Explanatory measurements#
To help modeling the light curve, some explanatory measurements have been stored in
diff.dataframe
bkg | airmass | dx | dy | fwhm | time | flux | |
---|---|---|---|---|---|---|---|
0 | 261.908217 | 1.878414 | -0.314490 | 0.566460 | 4.823861 | 2.457393e+06 | 1.011125 |
1 | 263.309778 | 1.870291 | -1.088033 | 0.466066 | 4.473168 | 2.457393e+06 | 0.999756 |
2 | 261.167119 | 1.862163 | -0.868474 | 0.423316 | 4.369253 | 2.457393e+06 | 1.001618 |
3 | 252.933837 | 1.854302 | -0.953985 | 0.551378 | 4.677914 | 2.457393e+06 | 1.012742 |
4 | 252.841623 | 1.846374 | -1.025708 | 0.448884 | 4.735902 | 2.457393e+06 | 1.012824 |
... | ... | ... | ... | ... | ... | ... | ... |
327 | 157.205167 | 1.013443 | 1.007175 | 0.613441 | 4.130921 | 2.457394e+06 | 1.015685 |
328 | 157.248958 | 1.013356 | 1.577194 | 0.623359 | 4.012928 | 2.457394e+06 | 1.010365 |
329 | 156.650647 | 1.013278 | 0.737424 | 0.519273 | 4.491135 | 2.457394e+06 | 1.007430 |
330 | 156.423297 | 1.013210 | 0.700936 | 0.711975 | 4.576204 | 2.457394e+06 | 1.007304 |
331 | 157.131704 | 1.013150 | 0.977755 | 0.784270 | 4.015622 | 2.457394e+06 | 1.005600 |
332 rows × 7 columns
that we can plot to check for any correlation with the differential flux
plt.figure(None, (5, 7))
ax = plt.subplot(xlabel="time (JD)", ylabel="scaled signals (abritrary units)")
for i, name in enumerate(["flux", "fwhm", "airmass", "bkg", "dx", "dy"]):
y = diff.df[name].copy()
y = (y - np.mean(y)) / np.std(y) + 8 * i
plt.text(diff.time.max(), np.mean(y) + 4, name, ha="right")
plt.plot(diff.time, y, ".", c="0.8" if name != "flux" else "k")

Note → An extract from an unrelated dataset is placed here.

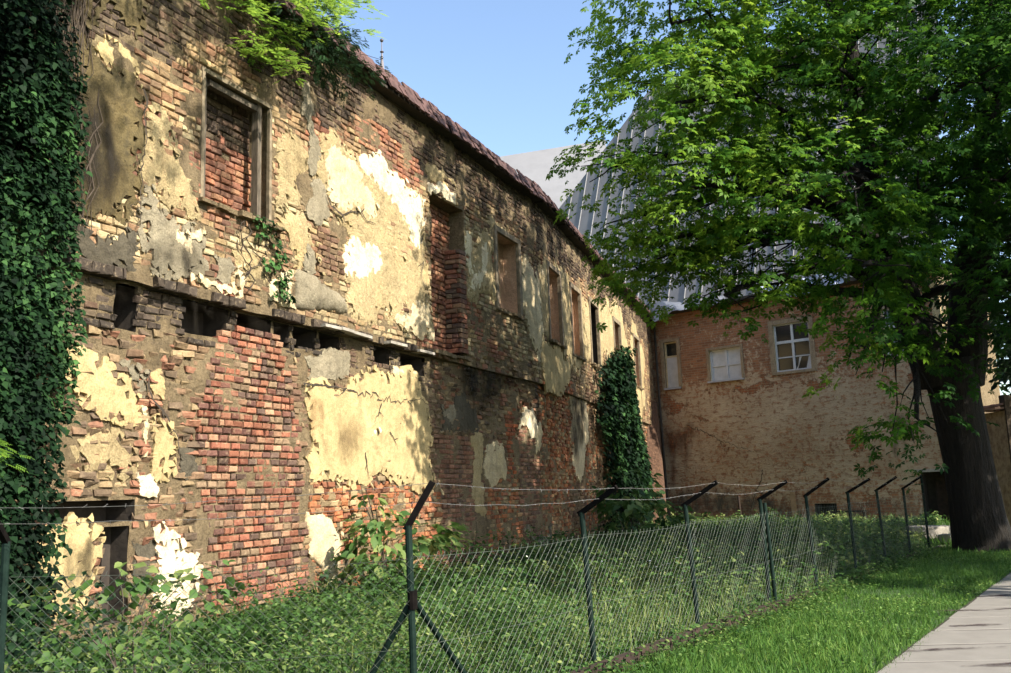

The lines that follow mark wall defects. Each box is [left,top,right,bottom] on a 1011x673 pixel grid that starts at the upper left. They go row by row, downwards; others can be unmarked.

leakage [85,104,120,198]
flaking render [35,0,457,342]
flaking render [58,341,199,498]

Multiprocessing alternative#
For those in a hurry, the photometry sequence can be made parallel
from prose.core.sequence import SequenceParallel
faster_photometry = SequenceParallel(
[
blocks.Calibration(darks=darks, bias=bias, flats=flats, shared=True),
blocks.PointSourceDetection(
n=12, minor_length=8
), # stars detection for alignment
blocks.Cutouts(21), # stars cutouts
blocks.MedianEPSF(), # building EPSF
blocks.Gaussian2D(ref), # modeling EPSF with initial guess
blocks.ComputeTransformTwirl(ref), # compute alignment
blocks.AlignReferenceSources(ref), # align sources
blocks.CentroidQuadratic(), # centroiding
blocks.AperturePhotometry(), # aperture photometry
blocks.AnnulusBackground(), # annulus background
blocks.Del("data", "sources", "cutouts"), # (optional) reduce overhead
],
[
blocks.GetFluxes(
"fwhm",
airmass=lambda im: im.header["AIRMASS"],
dx=lambda im: im.transform.translation[0],
dy=lambda im: im.transform.translation[1],
),
],
)
faster_photometry.run(sciences)
The SequenceParallel class is a subclass of Sequence that allows to run blocks in parallel. This object takes two lists of blocks. The first sequence of blocks is run for each image on a different CPU core, the second is run sequentially and must contain all blocks that retain data and are slower to move between CPU cores.